FeNb2O6 as a high-performance anode for sodium-ion batteries enabled by structural amorphization coupled with NbO6 local ordering.

Pseudocapacitance-type transition metal oxides have been extensively investigated as anodes materials for lithium-ion batteries. Currently, they are also emerging as promising anodes for sodium-ion batteries due to their low volume change and safety. However, the potential electrochemical performance in sodium energy storage is not fully achieved, primarily due to the larger radius of the Na+-ions. Here, we report for the first time an iron niobate with columbite structure as a high-performance sodium storage anode. The presence of iron in the structure is vital to trigger the loss of long-range order through disorder of the FeO6 octahedra local structure, subsequently allowing reversible Na storage in an amorphous phase. Simultaneously, the formation of short-range ordered zigzag-chain structures within the NbO6 planes creates a “skeleton” that offers abundant active sites for pseudocapacitive ion storage and enhanced ion diffusion pathways.
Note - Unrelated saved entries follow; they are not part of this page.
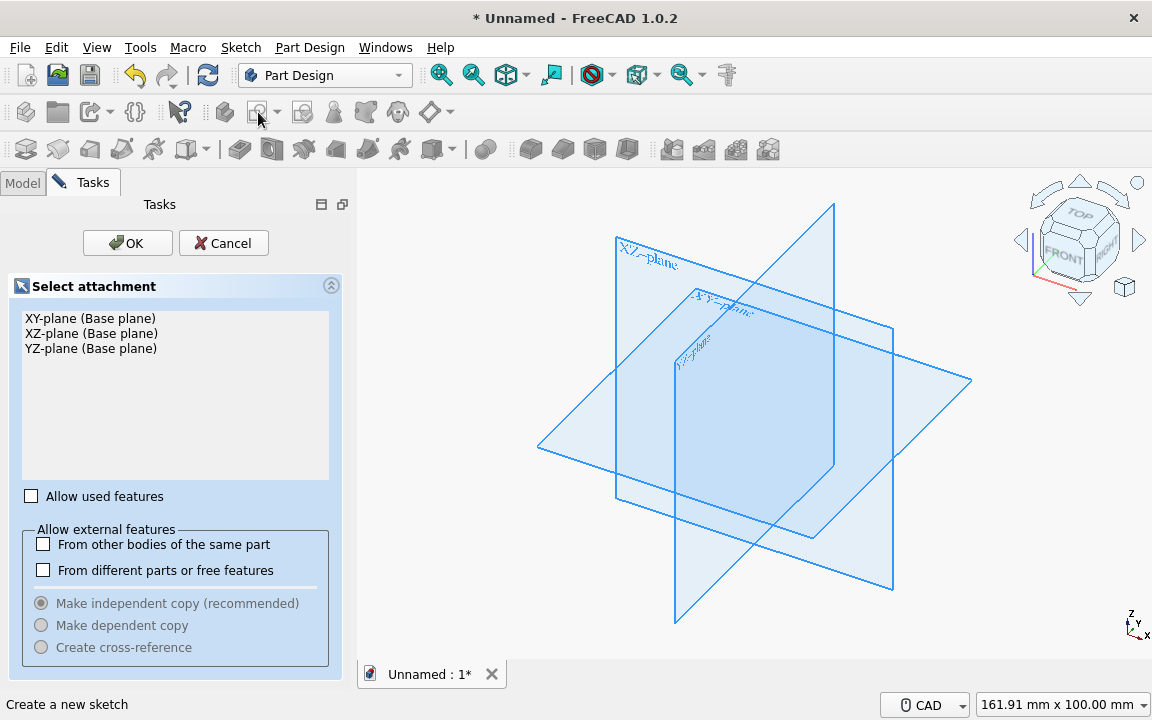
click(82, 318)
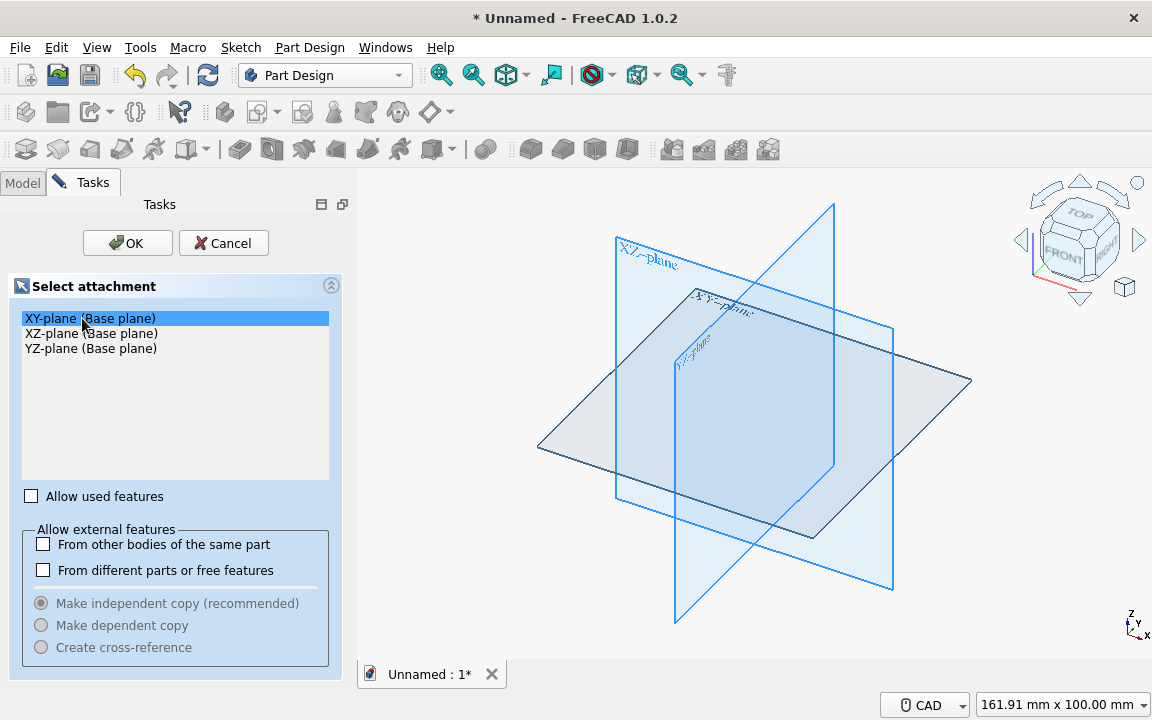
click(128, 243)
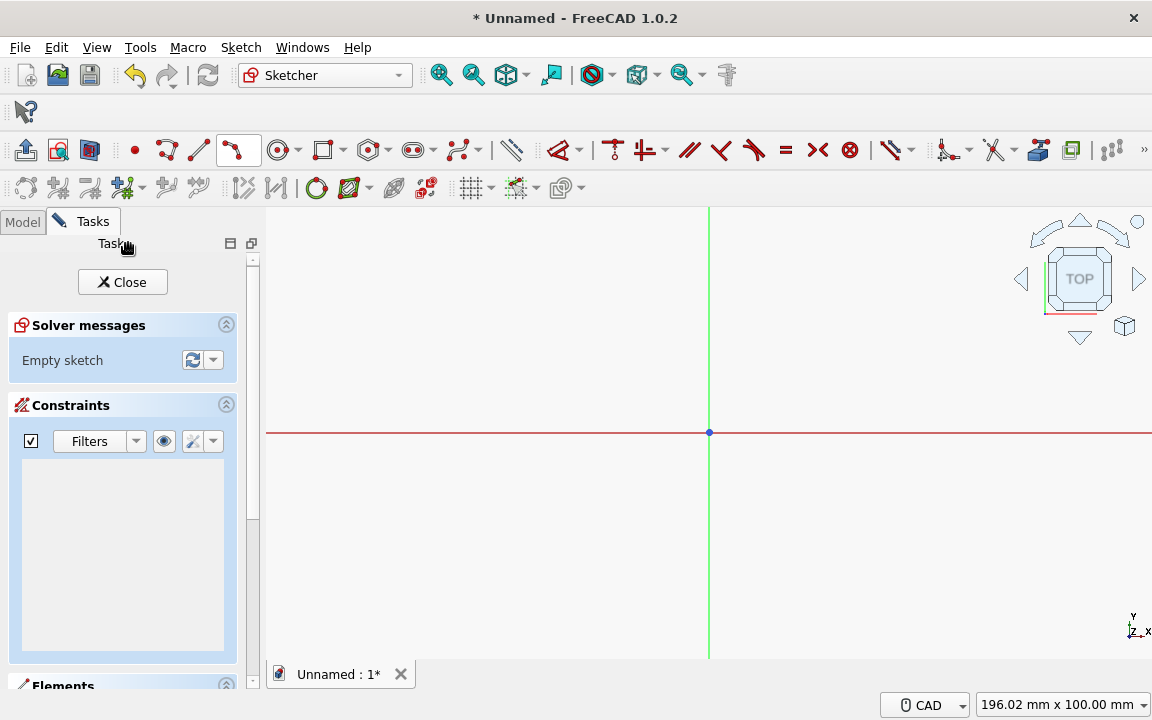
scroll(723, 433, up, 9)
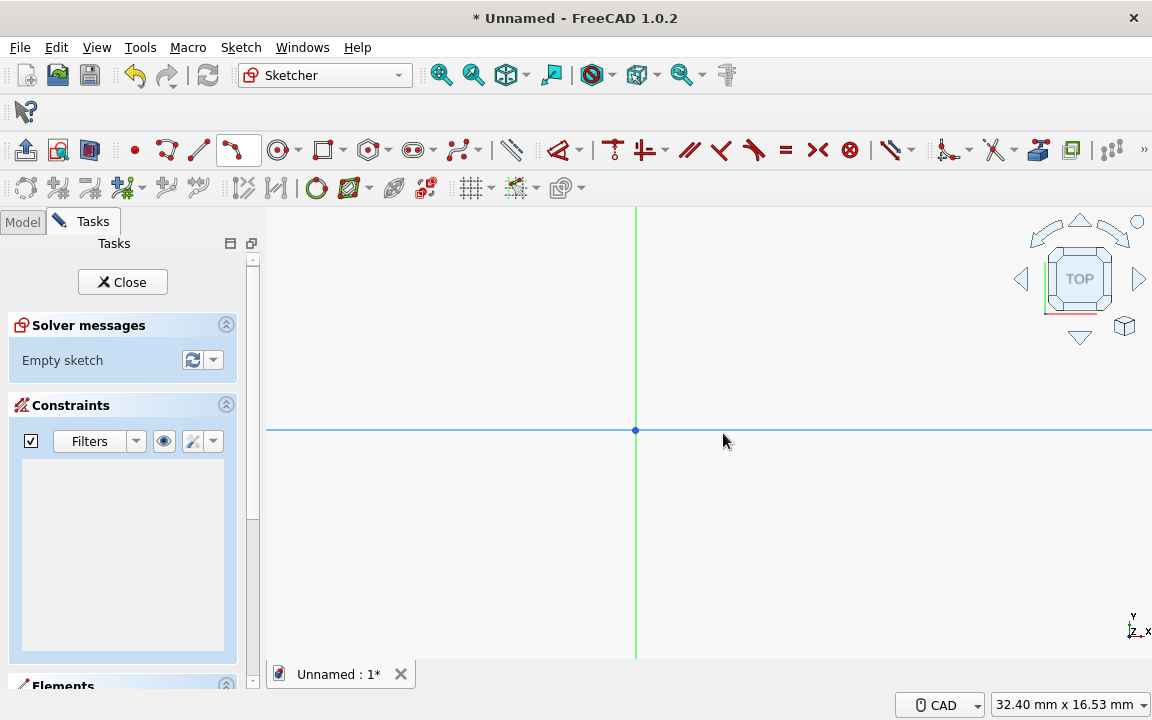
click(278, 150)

These characteristics of FeNb2O6 make it an effective intercalation host, offering high capacity along with fast Na+ insertion and extraction, as demonstrated through operando and ex-situ characterizations. It leads to an applicable reversible capacity (> 300 mAh g-1) with a favorable average voltage of ca. 0.6 V and excellent rate capability (180.4 mAh g-1 at a current density of 2 A g-1). This study provides insights into the development of intrinsically active transition metal oxides for Na+-ion intercalation.